EXERCISE DESCRIPTION = Nothing in the data is to be left out; copy it exactly.

====== ENTRIES SHOWN

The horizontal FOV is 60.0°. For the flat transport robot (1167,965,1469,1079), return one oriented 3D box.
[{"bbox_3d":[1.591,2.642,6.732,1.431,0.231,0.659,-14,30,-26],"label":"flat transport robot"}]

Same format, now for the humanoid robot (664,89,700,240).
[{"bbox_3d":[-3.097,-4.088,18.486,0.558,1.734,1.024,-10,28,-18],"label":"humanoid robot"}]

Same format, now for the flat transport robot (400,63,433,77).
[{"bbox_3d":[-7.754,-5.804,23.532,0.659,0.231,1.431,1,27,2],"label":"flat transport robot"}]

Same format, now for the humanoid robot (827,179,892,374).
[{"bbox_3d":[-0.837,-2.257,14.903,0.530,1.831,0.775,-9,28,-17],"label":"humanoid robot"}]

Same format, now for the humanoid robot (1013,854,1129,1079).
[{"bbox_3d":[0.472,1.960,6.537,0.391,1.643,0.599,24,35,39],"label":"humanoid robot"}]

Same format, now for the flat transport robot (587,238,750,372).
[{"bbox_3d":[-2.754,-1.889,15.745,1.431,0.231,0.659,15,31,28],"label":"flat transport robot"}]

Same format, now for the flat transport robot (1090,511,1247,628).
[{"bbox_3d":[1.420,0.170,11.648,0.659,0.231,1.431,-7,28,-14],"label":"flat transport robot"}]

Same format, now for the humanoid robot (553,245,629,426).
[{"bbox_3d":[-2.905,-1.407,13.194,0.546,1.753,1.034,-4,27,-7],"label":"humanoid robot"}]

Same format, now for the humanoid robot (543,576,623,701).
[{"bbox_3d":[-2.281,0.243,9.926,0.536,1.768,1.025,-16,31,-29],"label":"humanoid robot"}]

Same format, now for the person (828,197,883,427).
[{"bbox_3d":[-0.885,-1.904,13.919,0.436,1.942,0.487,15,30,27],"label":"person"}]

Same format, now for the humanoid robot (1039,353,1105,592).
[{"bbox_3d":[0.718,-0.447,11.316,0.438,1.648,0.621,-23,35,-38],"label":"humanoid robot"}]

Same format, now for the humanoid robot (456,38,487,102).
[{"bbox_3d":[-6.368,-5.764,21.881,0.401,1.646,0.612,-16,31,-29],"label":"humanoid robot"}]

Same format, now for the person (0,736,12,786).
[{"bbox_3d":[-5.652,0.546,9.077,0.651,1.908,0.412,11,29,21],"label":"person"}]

============

COMPLETED EXERCISE =
The horizontal FOV is 60.0°. For the flat transport robot (1167,965,1469,1079), return one oriented 3D box.
[{"bbox_3d":[1.591,2.642,6.732,1.431,0.231,0.659,-14,30,-26],"label":"flat transport robot"}]

Same format, now for the humanoid robot (664,89,700,240).
[{"bbox_3d":[-3.097,-4.088,18.486,0.558,1.734,1.024,-10,28,-18],"label":"humanoid robot"}]

Same format, now for the flat transport robot (400,63,433,77).
[{"bbox_3d":[-7.754,-5.804,23.532,0.659,0.231,1.431,1,27,2],"label":"flat transport robot"}]

Same format, now for the humanoid robot (827,179,892,374).
[{"bbox_3d":[-0.837,-2.257,14.903,0.530,1.831,0.775,-9,28,-17],"label":"humanoid robot"}]

Same format, now for the humanoid robot (1013,854,1129,1079).
[{"bbox_3d":[0.472,1.960,6.537,0.391,1.643,0.599,24,35,39],"label":"humanoid robot"}]

Same format, now for the flat transport robot (587,238,750,372).
[{"bbox_3d":[-2.754,-1.889,15.745,1.431,0.231,0.659,15,31,28],"label":"flat transport robot"}]

Same format, now for the flat transport robot (1090,511,1247,628).
[{"bbox_3d":[1.420,0.170,11.648,0.659,0.231,1.431,-7,28,-14],"label":"flat transport robot"}]

Same format, now for the humanoid robot (553,245,629,426).
[{"bbox_3d":[-2.905,-1.407,13.194,0.546,1.753,1.034,-4,27,-7],"label":"humanoid robot"}]

Same format, now for the humanoid robot (543,576,623,701).
[{"bbox_3d":[-2.281,0.243,9.926,0.536,1.768,1.025,-16,31,-29],"label":"humanoid robot"}]

Same format, now for the person (828,197,883,427).
[{"bbox_3d":[-0.885,-1.904,13.919,0.436,1.942,0.487,15,30,27],"label":"person"}]

Same format, now for the humanoid robot (1039,353,1105,592).
[{"bbox_3d":[0.718,-0.447,11.316,0.438,1.648,0.621,-23,35,-38],"label":"humanoid robot"}]

Same format, now for the humanoid robot (456,38,487,102).
[{"bbox_3d":[-6.368,-5.764,21.881,0.401,1.646,0.612,-16,31,-29],"label":"humanoid robot"}]

Same format, now for the person (0,736,12,786).
[{"bbox_3d":[-5.652,0.546,9.077,0.651,1.908,0.412,11,29,21],"label":"person"}]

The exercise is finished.